30 Airports in 30 Days, Illustrated. Chart No. 4.

So you'll forgive me for being even more neurotic than usual. Until now, I've purposefully ignored the health risks of flying several times a day. Because once you start digging, you start freaking out. Some sample headlines from medical journals: "Intrapulmonary bronchogenic cyst and cerebral gas embolism in an aircraft flight passenger;" "Phlebitis following travel;" "Sudden deterioration due to intra-tumoral hemorrhage of ependymoma of the fourth ventricle in a child during a flight: a case report."

But just because I don't know what to call my ailments doesn't mean I don't have them (or that I'm not hypochondriacally manufacturing them). My thigh muscles have begun to contract an hour into flights, either out of a newfound case of restless-leg syndrome or psychosomatic fear that if I don't twitch, I'll get deep vein thrombosis. (Likely the latter, implied Dr. Mark Gendreau, a professor of emergency medicine at Tufts Medical School and an expert on the physiology of flying.) I have also apparently installed a coolant system in my ankles, where my blood tends to run cold about two hours after takeoff. (Airport seats are designed at an awful angle. Because of the lack of leg room, we often keeps our legs at a 90-degree angle. Which would be fine if the seat wasn't choking our knees'—and thus our lower legs'—circulation.) There was also the time when I fell asleep on a red-eye and was woken up by my own gas. I sat there in the middle seat, opening and closing my mouth like a guppy, trying to find the most discreet way to relieve myself. (The change in pressure fills our intestines with 30 percent more air than on the ground.)

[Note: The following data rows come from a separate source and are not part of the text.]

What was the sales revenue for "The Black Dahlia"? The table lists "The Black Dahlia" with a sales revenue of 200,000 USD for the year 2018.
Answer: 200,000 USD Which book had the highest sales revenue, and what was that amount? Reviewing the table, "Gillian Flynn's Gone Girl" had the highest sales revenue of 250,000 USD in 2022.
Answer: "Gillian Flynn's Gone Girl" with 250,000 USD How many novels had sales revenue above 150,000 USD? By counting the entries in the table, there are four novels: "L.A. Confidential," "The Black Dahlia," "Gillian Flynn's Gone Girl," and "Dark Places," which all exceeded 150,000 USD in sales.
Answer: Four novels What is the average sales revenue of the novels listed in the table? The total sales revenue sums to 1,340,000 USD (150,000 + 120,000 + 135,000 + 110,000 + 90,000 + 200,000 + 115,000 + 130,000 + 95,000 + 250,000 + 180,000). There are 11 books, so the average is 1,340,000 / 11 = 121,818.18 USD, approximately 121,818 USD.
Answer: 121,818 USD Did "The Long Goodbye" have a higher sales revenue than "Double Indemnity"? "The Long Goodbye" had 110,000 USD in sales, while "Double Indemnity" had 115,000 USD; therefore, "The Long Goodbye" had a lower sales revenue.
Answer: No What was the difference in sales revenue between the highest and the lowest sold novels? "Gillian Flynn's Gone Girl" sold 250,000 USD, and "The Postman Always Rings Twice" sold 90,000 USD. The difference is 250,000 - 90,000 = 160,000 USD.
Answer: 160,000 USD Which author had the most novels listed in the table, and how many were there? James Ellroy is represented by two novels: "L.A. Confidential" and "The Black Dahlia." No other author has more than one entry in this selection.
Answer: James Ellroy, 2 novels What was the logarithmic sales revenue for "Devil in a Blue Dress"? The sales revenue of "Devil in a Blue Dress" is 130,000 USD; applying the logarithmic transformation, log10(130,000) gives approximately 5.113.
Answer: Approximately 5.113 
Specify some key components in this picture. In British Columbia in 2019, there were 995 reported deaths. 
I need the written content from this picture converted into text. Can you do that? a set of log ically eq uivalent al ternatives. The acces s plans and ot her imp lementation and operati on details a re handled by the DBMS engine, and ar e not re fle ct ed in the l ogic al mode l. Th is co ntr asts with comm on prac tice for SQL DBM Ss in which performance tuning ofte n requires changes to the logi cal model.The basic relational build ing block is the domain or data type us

The point being that for the first time on this trip, I'm afraid of flying. And for good reason. Once the plane to Burlington takes off, my sinuses become a slip 'n' slide. The dryness of the cabin—airplanes have only about 10 percent humidity, all from human breath—is causing my nose to overcompensate, releasing whatever had been stored inside. The damned thing won't stop running. I'm going through pocket tissues—JFK doesn't sell the full boxes—at an unhealthy pace.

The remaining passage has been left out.